[[ SOURCE RECORDS open ]]

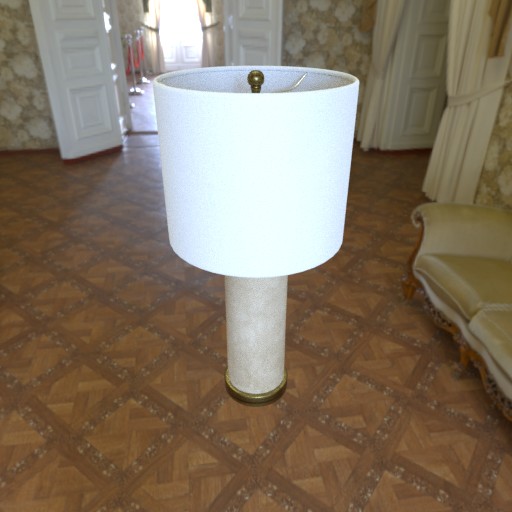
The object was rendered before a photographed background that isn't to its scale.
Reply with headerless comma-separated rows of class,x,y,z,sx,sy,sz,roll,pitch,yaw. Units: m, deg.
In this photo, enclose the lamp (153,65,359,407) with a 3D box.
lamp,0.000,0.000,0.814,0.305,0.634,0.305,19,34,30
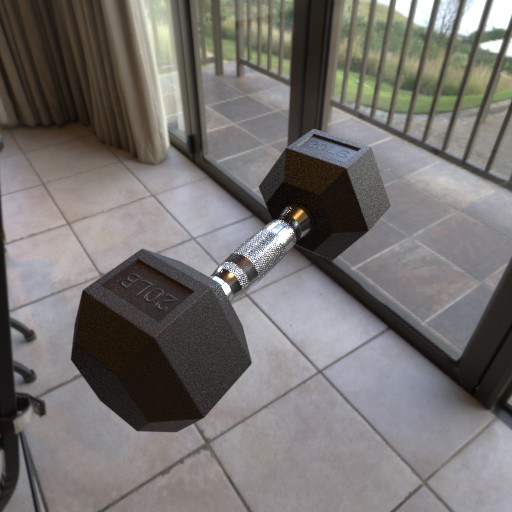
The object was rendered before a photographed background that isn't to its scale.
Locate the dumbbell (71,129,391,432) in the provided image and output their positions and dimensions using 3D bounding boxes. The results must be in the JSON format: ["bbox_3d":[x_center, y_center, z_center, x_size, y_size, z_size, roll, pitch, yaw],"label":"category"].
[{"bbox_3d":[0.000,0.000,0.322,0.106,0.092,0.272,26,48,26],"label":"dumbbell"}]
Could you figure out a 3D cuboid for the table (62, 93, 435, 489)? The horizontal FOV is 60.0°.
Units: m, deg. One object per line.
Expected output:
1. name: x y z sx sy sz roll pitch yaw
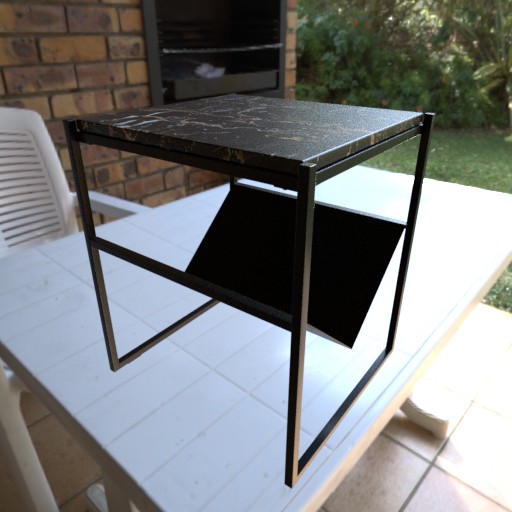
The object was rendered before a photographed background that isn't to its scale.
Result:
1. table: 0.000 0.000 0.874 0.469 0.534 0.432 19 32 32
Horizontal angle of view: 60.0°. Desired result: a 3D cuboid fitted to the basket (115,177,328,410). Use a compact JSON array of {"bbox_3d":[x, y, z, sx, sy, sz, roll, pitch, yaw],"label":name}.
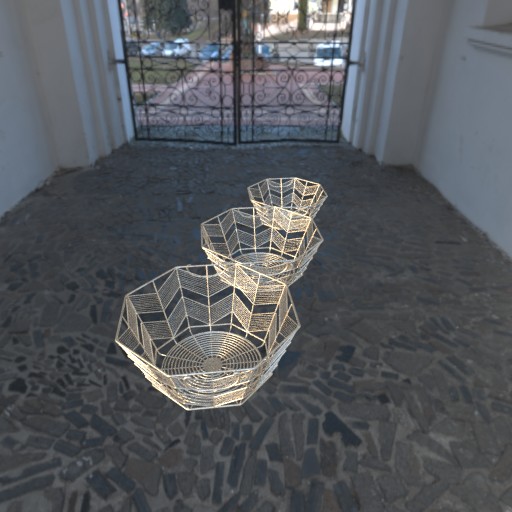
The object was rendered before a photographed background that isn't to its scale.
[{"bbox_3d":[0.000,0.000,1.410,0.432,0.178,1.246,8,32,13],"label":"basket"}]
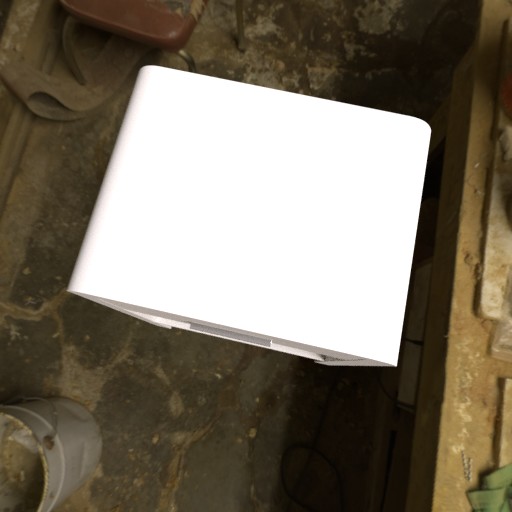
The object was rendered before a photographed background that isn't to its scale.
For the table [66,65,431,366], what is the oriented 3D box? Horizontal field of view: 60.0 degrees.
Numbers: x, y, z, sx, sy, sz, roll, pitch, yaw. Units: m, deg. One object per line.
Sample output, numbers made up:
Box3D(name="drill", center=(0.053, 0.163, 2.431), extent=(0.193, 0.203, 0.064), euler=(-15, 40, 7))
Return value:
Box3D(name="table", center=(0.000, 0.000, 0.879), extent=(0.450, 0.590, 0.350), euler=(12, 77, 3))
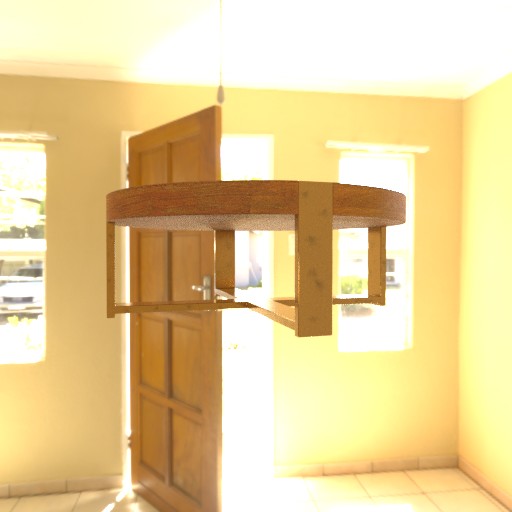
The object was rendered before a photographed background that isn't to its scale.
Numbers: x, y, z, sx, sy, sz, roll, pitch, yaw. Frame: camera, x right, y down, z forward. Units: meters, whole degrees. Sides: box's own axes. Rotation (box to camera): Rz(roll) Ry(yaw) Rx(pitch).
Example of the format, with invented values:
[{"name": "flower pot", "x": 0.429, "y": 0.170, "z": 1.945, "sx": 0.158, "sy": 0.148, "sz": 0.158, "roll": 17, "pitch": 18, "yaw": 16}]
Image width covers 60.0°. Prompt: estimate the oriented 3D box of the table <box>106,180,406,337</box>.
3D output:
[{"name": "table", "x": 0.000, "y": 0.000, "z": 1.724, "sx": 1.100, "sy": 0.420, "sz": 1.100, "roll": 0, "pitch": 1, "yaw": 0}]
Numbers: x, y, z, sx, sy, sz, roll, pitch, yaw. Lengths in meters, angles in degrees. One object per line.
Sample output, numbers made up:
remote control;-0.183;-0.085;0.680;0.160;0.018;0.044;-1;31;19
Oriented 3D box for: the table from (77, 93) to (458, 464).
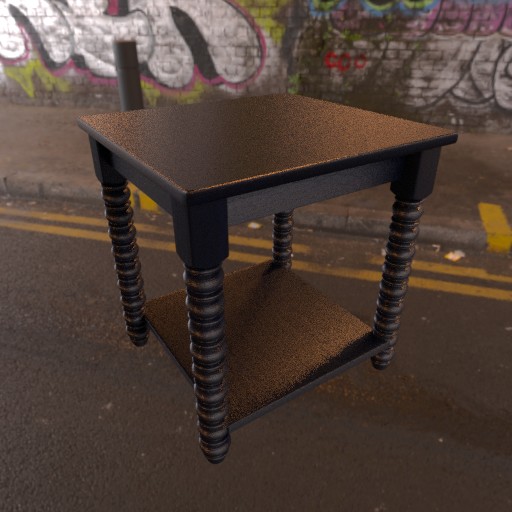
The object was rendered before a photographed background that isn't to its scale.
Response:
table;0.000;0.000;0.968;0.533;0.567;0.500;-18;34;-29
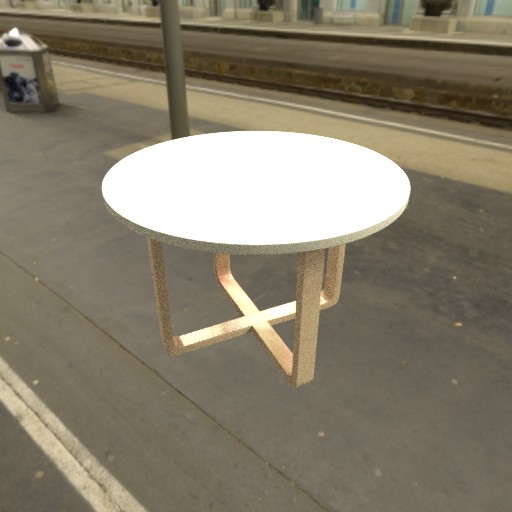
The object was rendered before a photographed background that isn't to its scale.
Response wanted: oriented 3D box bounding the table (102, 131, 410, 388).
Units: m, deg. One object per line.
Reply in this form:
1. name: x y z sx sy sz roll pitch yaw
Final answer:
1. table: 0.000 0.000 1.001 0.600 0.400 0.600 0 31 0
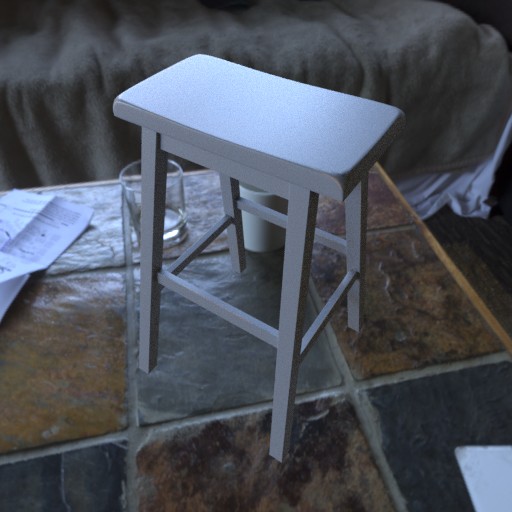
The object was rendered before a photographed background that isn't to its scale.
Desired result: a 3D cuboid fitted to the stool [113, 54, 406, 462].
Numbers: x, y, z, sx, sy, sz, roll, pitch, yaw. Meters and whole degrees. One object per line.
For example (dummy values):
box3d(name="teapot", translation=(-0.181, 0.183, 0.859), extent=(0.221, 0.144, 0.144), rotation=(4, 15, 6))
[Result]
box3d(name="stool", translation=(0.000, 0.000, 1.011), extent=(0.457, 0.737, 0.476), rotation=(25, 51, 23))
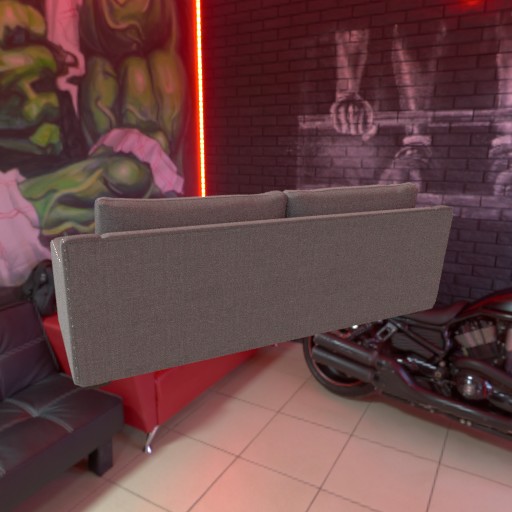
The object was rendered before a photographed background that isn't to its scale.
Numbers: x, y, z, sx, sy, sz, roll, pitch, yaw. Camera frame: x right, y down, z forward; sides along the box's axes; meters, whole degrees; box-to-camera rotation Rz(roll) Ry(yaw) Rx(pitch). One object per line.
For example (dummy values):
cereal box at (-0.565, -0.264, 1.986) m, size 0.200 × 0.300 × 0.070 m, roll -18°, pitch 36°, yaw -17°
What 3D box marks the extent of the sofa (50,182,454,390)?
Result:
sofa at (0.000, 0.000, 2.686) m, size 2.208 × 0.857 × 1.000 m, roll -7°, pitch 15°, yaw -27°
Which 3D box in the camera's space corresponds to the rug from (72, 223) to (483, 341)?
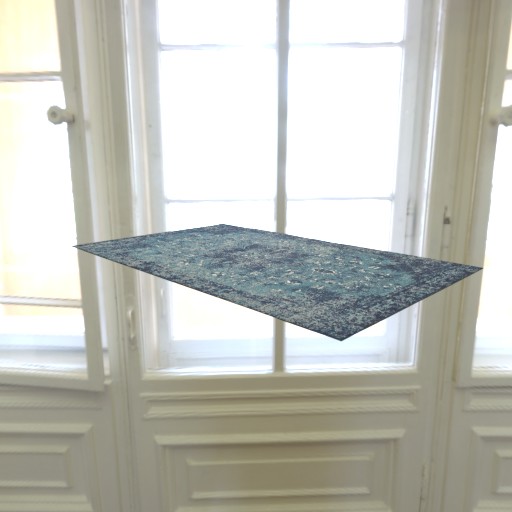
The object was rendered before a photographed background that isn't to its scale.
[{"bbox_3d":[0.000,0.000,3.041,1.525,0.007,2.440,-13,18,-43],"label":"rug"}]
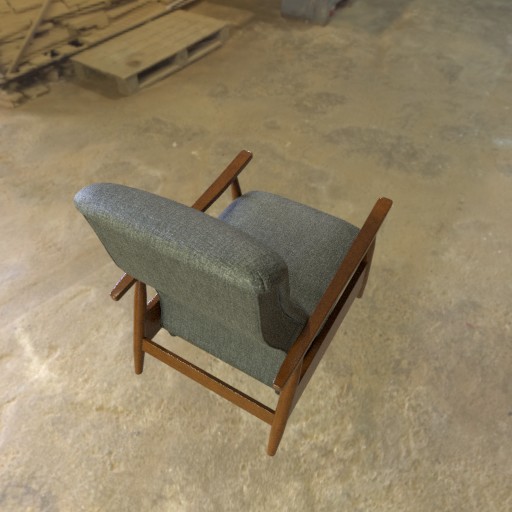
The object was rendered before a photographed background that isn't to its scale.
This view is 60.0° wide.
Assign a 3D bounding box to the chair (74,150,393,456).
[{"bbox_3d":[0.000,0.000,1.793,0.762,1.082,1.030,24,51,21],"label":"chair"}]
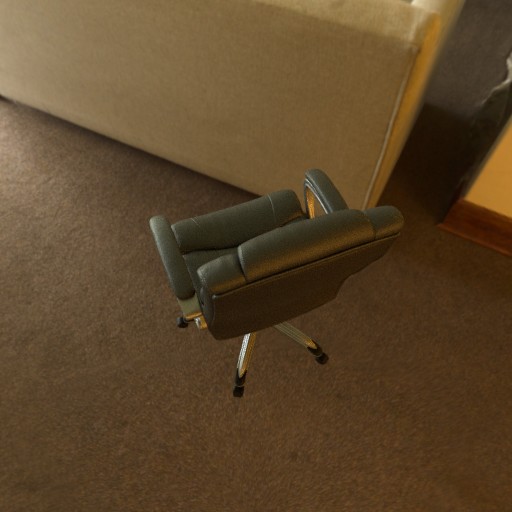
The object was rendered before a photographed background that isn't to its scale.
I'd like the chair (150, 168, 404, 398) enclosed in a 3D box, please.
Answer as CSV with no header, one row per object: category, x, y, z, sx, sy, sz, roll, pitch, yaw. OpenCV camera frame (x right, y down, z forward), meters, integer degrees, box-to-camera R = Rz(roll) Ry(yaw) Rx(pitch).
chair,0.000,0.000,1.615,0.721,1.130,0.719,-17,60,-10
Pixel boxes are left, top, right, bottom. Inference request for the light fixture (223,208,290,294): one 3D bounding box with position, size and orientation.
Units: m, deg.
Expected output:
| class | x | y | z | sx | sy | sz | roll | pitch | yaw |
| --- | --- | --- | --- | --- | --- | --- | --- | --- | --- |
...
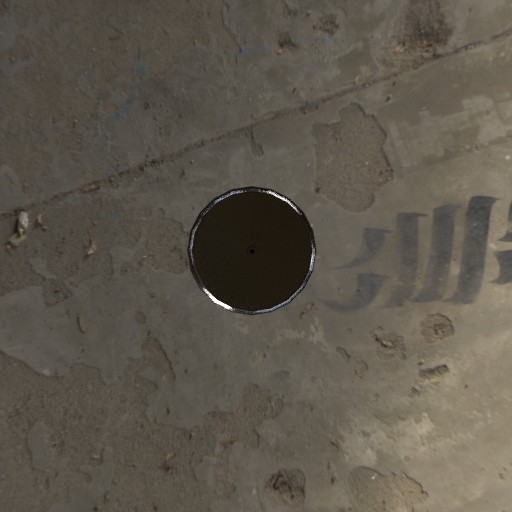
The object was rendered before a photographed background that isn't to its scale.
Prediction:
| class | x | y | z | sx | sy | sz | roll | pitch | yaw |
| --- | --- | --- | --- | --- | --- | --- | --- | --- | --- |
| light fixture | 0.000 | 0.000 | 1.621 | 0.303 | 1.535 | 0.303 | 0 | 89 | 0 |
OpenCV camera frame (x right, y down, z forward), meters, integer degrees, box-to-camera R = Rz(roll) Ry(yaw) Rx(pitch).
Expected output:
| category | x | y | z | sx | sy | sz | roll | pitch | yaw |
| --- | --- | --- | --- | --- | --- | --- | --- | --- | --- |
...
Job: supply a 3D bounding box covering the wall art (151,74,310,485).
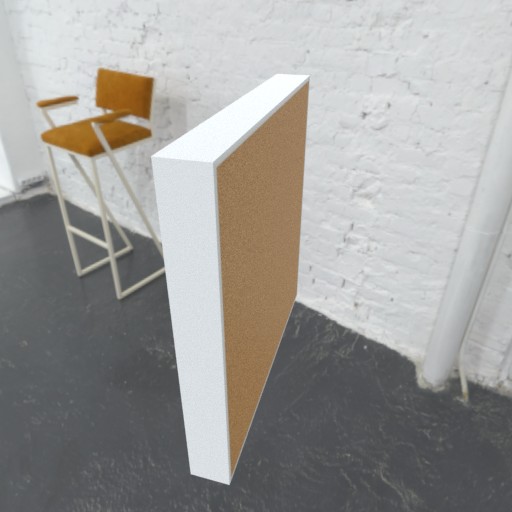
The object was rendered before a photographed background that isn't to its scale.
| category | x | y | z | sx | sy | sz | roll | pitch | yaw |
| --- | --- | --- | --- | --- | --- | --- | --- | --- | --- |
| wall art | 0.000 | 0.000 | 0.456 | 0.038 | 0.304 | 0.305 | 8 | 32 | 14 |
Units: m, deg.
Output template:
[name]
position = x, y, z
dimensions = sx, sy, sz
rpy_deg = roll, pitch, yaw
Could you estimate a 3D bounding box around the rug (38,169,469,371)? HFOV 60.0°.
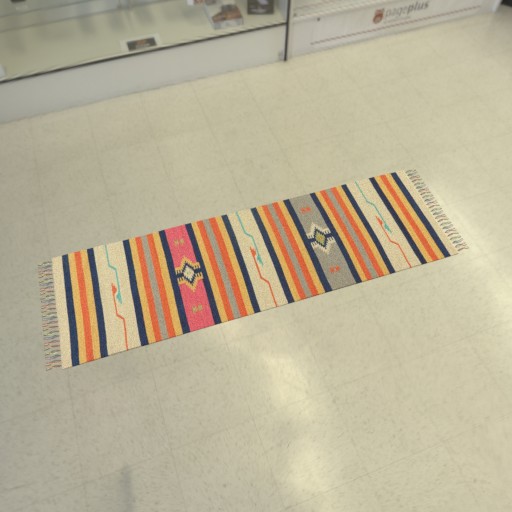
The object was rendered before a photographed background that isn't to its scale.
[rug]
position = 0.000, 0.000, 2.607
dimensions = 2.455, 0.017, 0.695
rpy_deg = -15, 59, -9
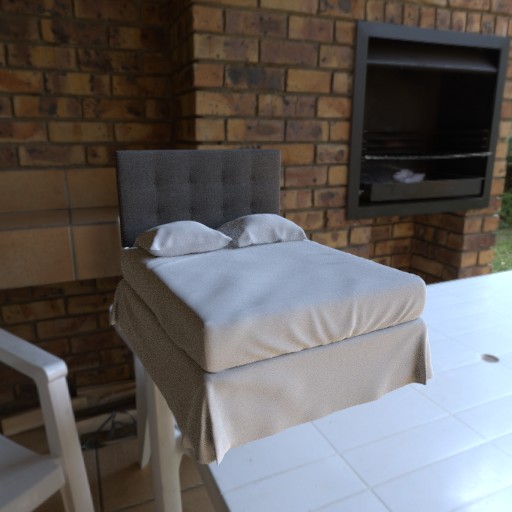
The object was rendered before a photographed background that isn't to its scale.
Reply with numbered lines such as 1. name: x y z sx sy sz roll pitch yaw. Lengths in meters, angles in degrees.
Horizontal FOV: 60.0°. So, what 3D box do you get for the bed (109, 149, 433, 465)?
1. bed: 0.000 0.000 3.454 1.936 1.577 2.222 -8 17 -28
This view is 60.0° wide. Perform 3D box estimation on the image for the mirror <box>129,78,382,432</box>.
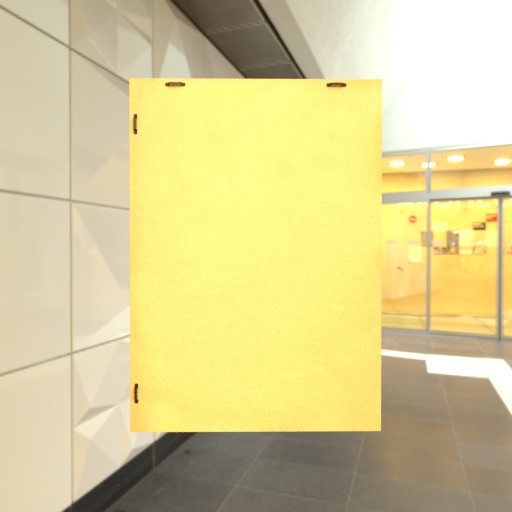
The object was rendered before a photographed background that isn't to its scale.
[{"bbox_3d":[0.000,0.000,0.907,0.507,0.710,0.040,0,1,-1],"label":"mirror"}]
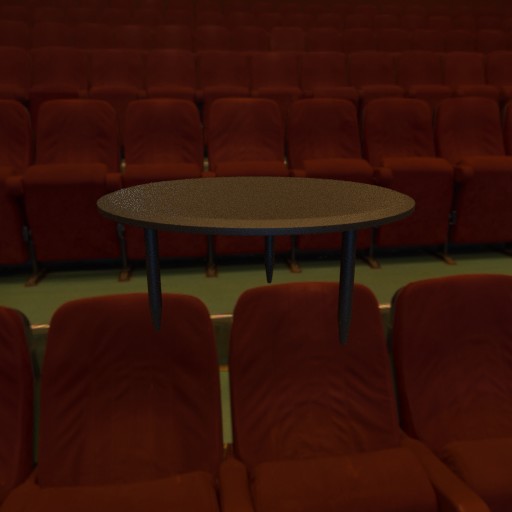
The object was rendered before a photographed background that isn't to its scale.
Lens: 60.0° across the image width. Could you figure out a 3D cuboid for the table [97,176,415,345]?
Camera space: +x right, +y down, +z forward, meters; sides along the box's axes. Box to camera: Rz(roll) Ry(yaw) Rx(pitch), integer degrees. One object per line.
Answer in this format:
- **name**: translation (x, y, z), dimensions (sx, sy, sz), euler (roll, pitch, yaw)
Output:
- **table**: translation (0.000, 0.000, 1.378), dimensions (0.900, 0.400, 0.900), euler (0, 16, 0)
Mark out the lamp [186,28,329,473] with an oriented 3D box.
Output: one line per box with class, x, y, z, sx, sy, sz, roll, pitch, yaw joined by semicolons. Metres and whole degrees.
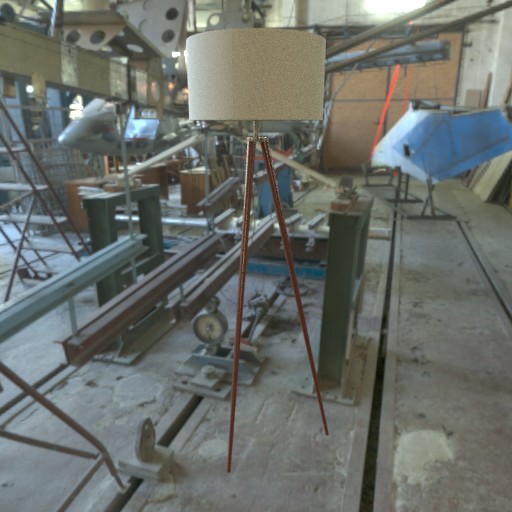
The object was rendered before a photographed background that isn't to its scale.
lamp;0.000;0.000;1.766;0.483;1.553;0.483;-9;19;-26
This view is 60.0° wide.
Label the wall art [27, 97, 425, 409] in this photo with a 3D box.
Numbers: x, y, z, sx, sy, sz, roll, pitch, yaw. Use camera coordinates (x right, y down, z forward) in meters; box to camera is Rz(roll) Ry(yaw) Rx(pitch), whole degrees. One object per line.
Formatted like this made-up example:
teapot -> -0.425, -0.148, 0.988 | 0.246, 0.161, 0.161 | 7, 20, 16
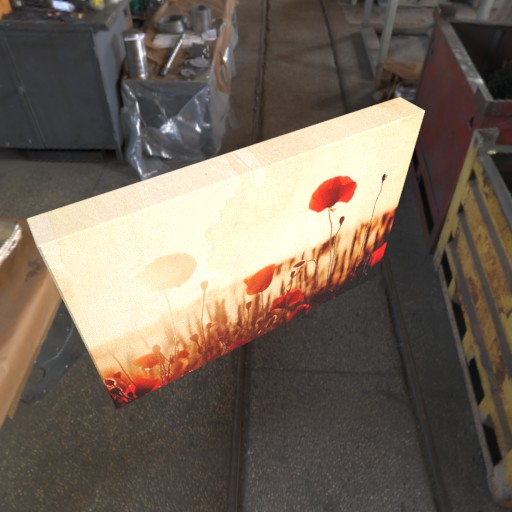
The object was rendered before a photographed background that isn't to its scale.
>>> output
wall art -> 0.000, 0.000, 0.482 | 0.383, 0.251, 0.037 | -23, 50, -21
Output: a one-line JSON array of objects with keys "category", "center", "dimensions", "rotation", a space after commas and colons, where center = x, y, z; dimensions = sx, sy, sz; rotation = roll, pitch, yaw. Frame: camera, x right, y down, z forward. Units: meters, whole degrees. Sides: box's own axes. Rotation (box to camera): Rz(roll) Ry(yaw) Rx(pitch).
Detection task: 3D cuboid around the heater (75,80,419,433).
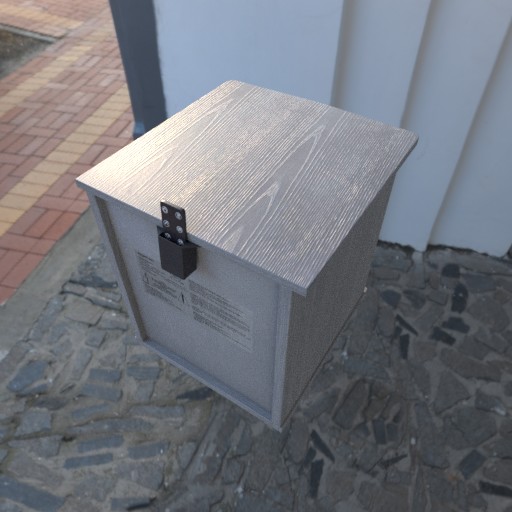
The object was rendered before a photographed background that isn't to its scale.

[[ SOURCE RECORDS closed ]]

**EXERCISE**
Whenever the word "Lengths" appears in a line of the data above, that line counts. Say how many lines count, and nothing more.

**THE COMPLETED TASK**
2